Это кажется парадоксальным, на деле же бесконечная распря есть разумный механизм в истории демократий. Не замирение на условиях противника, не принятие законов победителя, не подавление инакомыслия — но воцарение бесконечной вражды, в которой аргументы сторон не имеют смысла: договориться нельзя в принципе, у каждого своя правда. Так называемый третий мир состоит из стран, в которых тлеет распря: если проходит показательное вразумление далекой диктатуры, то не затем, чтобы бывшим узникам улучшить жизнь. Внутри раздавленных стран сознательно насаждают раздор — прогрессивно, когда инакомыслия много. Любая дипломатическая встреча убеждает: правд много, всякий имеет право на свою точку зрения. Вечно тлеющая вражда израильтян с палестинцами, взаимная ненависть внутри Афганистана, соревнование вооруженных партий Востока, все это нарочно зарезервированный ресурс войны, поддерживают огонь в очаге, чтобы огонь не гас. Боевиков снабжают оружием, противные партии финансируют не потому, что сочувствуют идеям сепаратизма или верят в местные культы. «Цивилизованные» люди понимают, что дают оружие бандитам, — но надо подбрасывать дрова, иначе огонь погаснет.

Носителей национальных/религиозных/клановых правд убеждают, что следует отстаивать свои позиции перед лицом возможной автократии и подавления прав меньшинств. Говорится так: лучше уж беспорядок, нежели тоталитаризм, — и все кивают, кто же сочувствует тирану?! Неудобства (локальный терроризм), которые приносит провокационная риторика, принимают как неизбежное зло свободы. Гражданина далекой варварской страны убеждают, что он должен принять посильное участие в гражданской войне, ведь он делается не просто солдатом, но потенциальным избирателем!

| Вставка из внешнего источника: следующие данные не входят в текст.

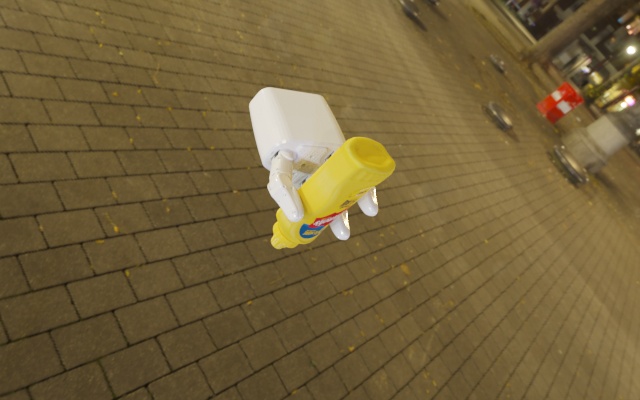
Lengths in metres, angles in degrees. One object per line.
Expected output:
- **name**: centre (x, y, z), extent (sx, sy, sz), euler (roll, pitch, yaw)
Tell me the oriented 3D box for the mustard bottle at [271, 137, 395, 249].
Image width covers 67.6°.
- **mustard bottle**: centre (0.000, 0.002, 0.596), extent (0.192, 0.058, 0.096), euler (-42, -16, 30)
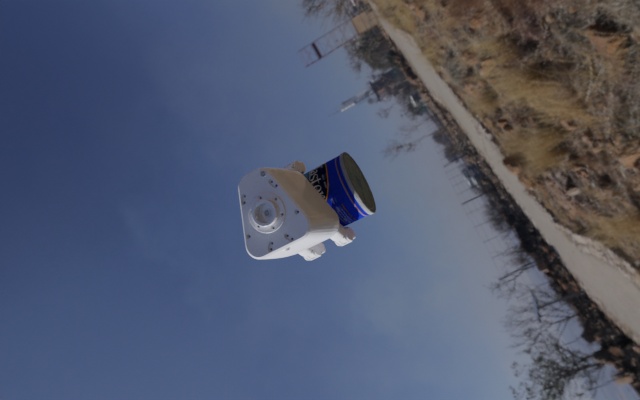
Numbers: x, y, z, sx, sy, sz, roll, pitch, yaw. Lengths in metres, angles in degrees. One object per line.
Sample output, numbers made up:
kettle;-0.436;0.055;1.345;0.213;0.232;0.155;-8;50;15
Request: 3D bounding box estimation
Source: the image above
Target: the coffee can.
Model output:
coffee can;0.000;0.002;0.738;0.140;0.103;0.103;-27;-9;17
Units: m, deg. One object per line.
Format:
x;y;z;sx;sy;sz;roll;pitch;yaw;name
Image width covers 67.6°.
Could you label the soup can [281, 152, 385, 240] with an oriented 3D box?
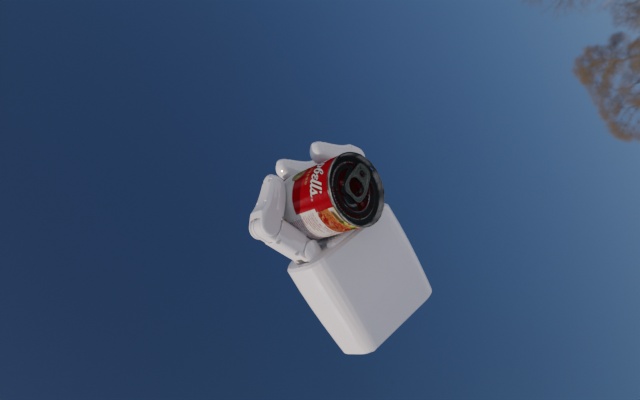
0.000;0.001;0.448;0.068;0.068;0.102;0;-13;-42;soup can

Речь идет не о партизанском движении, народном ополчении, террористах и т. д. Эти явления — неизбежные следствия, порожденные общим сценарием. Суть же процесса в том, что демократия теперь живет именно так, бесконечные гражданские войны есть питательная среда демократии, отождествившей себя с либеральным рынком.

Мира не наступит не потому, что коварство американской политики не допустит мира в конкретной стране. Замирения не произойдет по той элементарной причине, что в конфликте участвуют демократические силы, которые представлены многими партиями, соответственно, у них много резонов и выгод. Количество противоречий зашкаливает: нет и не может быть мирного договора, который обуздает стихию демократического выбора. То есть если бы выбирали между странами и обществами, выбор сделать было бы можно, но в том-то и дело, что такого предложения на рынке нет. Не существует страны, которая представляла бы ценность сама по себе, как место для жизни народа; нет общества, которое хотело бы зафиксировать свои договоренности на длительное время. Страна и общество стали переменными величинами, функциями от капитала и рынка. Капитал не знает границ: сейчас деньгам милее Америка, но если деньгам больше понравится в Китае, Индии или на Марсе, то трансакция произойдет незамедлительно. В сущности, так уже и происходит — движение идет по всем направлениям в зависимости от выгоды и более ни от чего. Подобно тому как Версальский договор и Брестский мир были не способны остановить передел мира, так и современные соглашения на пепелищах разбомбленных стран не гарантируют ничего. Стабильности не ждут, потому что стабильность отныне не является социальной ценностью. Еще сто лет назад создавали подмандатные территории, ставили наместников; сейчас это ни к чему — на пустырях войны не хотят застоя. Застой — это вообще синоним увядания. Пусть все всегда будет в движении. Оценивая иракские или афганские операции, говорят, что результаты войны не достигнуты — война продолжается, и это-де провал. Но искомые результаты именно достигнуты — результатом является перманентная гражданская распря, нестабильность, брожение.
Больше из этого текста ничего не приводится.